A specific goal for your e-commerce site, for instance, might be to convert 20 percent of visitors to buyers. An overarching goal, by contrast, might be something like earning X amount of revenue in the year ahead.
If your company involves more than just you, then goals need to be both communicated and communicable. In other words, they can’t be so personal or esoteric that your team members can’t get their arms around them.
Everybody in your company should also have their own goal sets that can be periodically reviewed to check if they’re on the right track. This is true for everyone from summer help in a retail shop to the MBA who runs your company operations. Doing this will make it clear that every individual has an impact on those overarching company goals – and they’ll appreciate the sense of ownership.
Step 2: Be Ambitious, But Be Real
Whether you’re a solo entrepreneur or leading a group, it’s important that each goal is achievable, or maybe just a little more – a stretch goal. But it will turn negative if you set it too high, totally miss it and have too much riding on achieving it.
Your business can end up vulnerable or in jeopardy. You can lose confidence in your own ability, and that of your team. So be responsible and diligent, not reckless, when you set goals. At StartupNation we set a conservative goal, a realistic goal and an aggressive goal. The conservative one is the worst-case scenario; be sure your business can at least survive, or continue to thrive, by meeting this one.
Keep your goals grounded, your business focused, and who knows? The key to success might unlock the doors of an Aston Martin.
Step 3: Make Goals Measurable
It’s really important to create goals that have near-term, mid-term and long-term positions on your timeline. Near-term might be in the next quarter, mid-term may be a year off, long-term might be measured in years. You set the intervals, then need to visit the goals regularly to make necessary adjustments along the way.

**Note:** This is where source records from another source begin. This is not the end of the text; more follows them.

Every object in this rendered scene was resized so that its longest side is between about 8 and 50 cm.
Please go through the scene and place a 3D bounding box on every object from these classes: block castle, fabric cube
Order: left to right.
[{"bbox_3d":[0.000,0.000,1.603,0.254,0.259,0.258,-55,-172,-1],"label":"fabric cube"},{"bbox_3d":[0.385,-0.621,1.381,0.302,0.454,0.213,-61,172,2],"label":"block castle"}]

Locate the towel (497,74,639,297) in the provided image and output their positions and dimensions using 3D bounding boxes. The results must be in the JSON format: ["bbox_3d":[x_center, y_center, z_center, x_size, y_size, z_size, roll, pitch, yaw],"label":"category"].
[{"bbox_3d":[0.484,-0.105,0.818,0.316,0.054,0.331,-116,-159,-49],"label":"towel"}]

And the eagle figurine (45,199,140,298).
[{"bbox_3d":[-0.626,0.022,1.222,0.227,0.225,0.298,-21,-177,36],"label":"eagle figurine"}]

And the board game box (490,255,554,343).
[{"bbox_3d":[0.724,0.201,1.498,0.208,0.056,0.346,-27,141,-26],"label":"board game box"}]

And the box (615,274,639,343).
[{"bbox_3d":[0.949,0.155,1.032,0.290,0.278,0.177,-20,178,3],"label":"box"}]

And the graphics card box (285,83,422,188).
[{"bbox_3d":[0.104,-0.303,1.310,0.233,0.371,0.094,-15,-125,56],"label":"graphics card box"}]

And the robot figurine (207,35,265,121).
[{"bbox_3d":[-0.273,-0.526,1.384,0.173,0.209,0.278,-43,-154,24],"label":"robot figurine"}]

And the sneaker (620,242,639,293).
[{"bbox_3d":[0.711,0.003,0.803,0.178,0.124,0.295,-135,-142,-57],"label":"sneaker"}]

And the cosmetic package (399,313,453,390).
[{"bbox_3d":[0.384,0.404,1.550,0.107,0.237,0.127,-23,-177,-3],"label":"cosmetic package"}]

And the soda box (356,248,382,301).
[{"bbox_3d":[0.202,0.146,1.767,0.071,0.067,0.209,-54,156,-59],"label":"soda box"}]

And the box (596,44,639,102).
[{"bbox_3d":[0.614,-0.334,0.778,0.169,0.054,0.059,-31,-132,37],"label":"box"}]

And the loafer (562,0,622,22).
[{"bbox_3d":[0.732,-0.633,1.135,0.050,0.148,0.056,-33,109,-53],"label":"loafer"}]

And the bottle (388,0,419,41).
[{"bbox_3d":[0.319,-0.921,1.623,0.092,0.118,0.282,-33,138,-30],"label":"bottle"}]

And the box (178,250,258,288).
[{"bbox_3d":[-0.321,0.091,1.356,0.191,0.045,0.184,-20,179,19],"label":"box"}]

Many timelines involve assumptions that are really just a best guess, but they get better informed as you move closer to your goals. So if you have a mid-term goal and learn through monthly revisits that it’s too modest or too lofty, you can make appropriate changes.
Goals are there to serve you and keep your business on track, but they’re not cast in titanium. Erase them, change them, make them fit your needs. And remember, whether you’re the leader of one or 100, you should consistently invoke the goals at regular intervals.

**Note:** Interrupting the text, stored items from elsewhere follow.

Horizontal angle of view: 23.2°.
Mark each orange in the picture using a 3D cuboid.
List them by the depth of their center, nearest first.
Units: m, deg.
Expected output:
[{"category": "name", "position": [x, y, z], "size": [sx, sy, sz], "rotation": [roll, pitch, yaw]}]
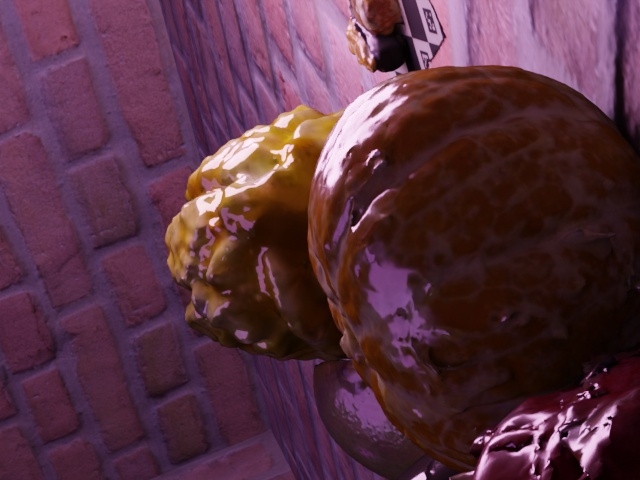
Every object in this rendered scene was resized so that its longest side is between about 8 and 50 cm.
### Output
[{"category": "orange", "position": [0.128, 0.022, 1.182], "size": [0.329, 0.249, 0.329], "rotation": [160, 90, -87]}]

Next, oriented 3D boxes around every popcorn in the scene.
[{"category": "popcorn", "position": [0.009, -0.002, 1.651], "size": [0.274, 0.335, 0.279], "rotation": [117, 141, -61]}]

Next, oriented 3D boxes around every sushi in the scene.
[{"category": "sushi", "position": [0.028, -0.293, 1.614], "size": [0.264, 0.050, 0.290], "rotation": [121, 128, -77]}]

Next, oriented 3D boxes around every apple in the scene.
[{"category": "apple", "position": [0.097, 0.186, 1.587], "size": [0.193, 0.265, 0.120], "rotation": [43, -123, -56]}]

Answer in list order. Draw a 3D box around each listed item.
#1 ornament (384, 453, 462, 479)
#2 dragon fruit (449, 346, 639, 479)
[{"category": "ornament", "position": [0.145, 0.210, 1.274], "size": [0.251, 0.260, 0.106], "rotation": [1, 120, 63]}, {"category": "dragon fruit", "position": [0.222, 0.210, 0.922], "size": [0.329, 0.329, 0.329], "rotation": [159, 90, -80]}]

Your team meeting is a great time to look at them and decide how to measure your progress with customer surveys, financial reviews or whatever means of analysis you’ve set up. Having measurable goals and specific dates to review them will help prevent dreaded and dangerous “drifting.” You know, “Get up, go to work, come home, do it all over again.”
You can lose your way, miss opportunities and stray far from what will make your business thrive. Stay focused, set goals and remember – they’re not for your eyes only. Communicate them, share your vision and above all, keep the passion.
It’s your venture, and your year to succeed. With ’007 upon us, you should accept, and expect, nothing less than the best.
Are Your Goals the “Real” Deal?
Have a goal? Let’s test it.
Can you spell out how to reach it with specific strategies, tactics and action priorities that have your confidence? If that’s a total mystery, maybe you need to get real.
Again, setting unrealistic goals not only is a useless exercise, it does damage. It can point everyone’s expectations, emotions and spending at a false target that simply can’t be hit, and unnecessary failure will infect your company.
If you’ve been in business for a year, look back and use your performance as a measure of what it should be in this one. Maybe it will hold steady, perhaps improve.
When you create those strategies, tactics and actions, they should tell you what new achievement is possible and help you come up with the defined, achievable and measurable goals to get you there.